RECORDS FOR THIS TASK Block Start

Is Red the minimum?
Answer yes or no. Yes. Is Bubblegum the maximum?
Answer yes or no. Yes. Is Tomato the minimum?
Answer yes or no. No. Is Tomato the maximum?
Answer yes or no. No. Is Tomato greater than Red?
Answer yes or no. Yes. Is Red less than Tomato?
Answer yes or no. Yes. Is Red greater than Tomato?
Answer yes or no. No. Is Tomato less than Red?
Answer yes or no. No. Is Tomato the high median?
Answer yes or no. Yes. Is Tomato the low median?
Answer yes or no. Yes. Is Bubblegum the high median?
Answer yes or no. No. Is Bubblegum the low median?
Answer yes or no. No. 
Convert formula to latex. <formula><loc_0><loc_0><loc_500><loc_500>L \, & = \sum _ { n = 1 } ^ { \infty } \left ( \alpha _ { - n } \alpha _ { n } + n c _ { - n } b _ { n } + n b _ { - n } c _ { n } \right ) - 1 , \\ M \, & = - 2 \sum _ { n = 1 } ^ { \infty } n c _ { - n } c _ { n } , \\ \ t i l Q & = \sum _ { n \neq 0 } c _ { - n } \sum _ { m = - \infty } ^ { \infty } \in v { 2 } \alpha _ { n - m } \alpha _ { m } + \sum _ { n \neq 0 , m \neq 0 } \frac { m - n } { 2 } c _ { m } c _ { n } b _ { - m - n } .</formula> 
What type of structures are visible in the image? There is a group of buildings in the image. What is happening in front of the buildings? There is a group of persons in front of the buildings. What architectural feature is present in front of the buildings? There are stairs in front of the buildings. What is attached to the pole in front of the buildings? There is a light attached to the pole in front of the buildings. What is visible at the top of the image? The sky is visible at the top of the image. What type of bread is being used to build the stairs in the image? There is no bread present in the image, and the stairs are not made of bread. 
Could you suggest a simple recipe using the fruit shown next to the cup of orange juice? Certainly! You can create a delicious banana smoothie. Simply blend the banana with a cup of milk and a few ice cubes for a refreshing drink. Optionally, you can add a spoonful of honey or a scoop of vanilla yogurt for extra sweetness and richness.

RECORDS FOR THIS TASK Block End
RECORDS FOR THIS TASK Block Start

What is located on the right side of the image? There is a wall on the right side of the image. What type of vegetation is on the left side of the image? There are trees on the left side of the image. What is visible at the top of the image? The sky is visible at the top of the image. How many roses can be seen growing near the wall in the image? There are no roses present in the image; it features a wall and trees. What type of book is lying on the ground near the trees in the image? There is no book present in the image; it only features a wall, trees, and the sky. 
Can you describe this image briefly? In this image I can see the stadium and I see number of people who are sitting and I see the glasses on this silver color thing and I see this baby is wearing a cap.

RECORDS FOR THIS TASK Block End
RECORDS FOR THIS TASK Block Start

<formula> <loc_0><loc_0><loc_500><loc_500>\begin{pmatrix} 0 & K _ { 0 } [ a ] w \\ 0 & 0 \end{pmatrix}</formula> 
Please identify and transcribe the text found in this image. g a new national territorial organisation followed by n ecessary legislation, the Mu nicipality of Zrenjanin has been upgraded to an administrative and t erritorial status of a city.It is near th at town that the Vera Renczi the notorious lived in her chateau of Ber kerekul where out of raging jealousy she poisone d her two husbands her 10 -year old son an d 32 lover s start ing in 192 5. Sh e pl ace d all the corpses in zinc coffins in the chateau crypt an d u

RECORDS FOR THIS TASK Block End

(WORK TASK): In the listing above, each line with the word "Bubblegum" is to be copied out.

(SOLUTION FOR THIS PROBLEM):
Answer yes or no. Yes. Is Bubblegum the maximum?
Answer yes or no. Yes. Is Bubblegum the high median?
Answer yes or no. No. Is Bubblegum the low median?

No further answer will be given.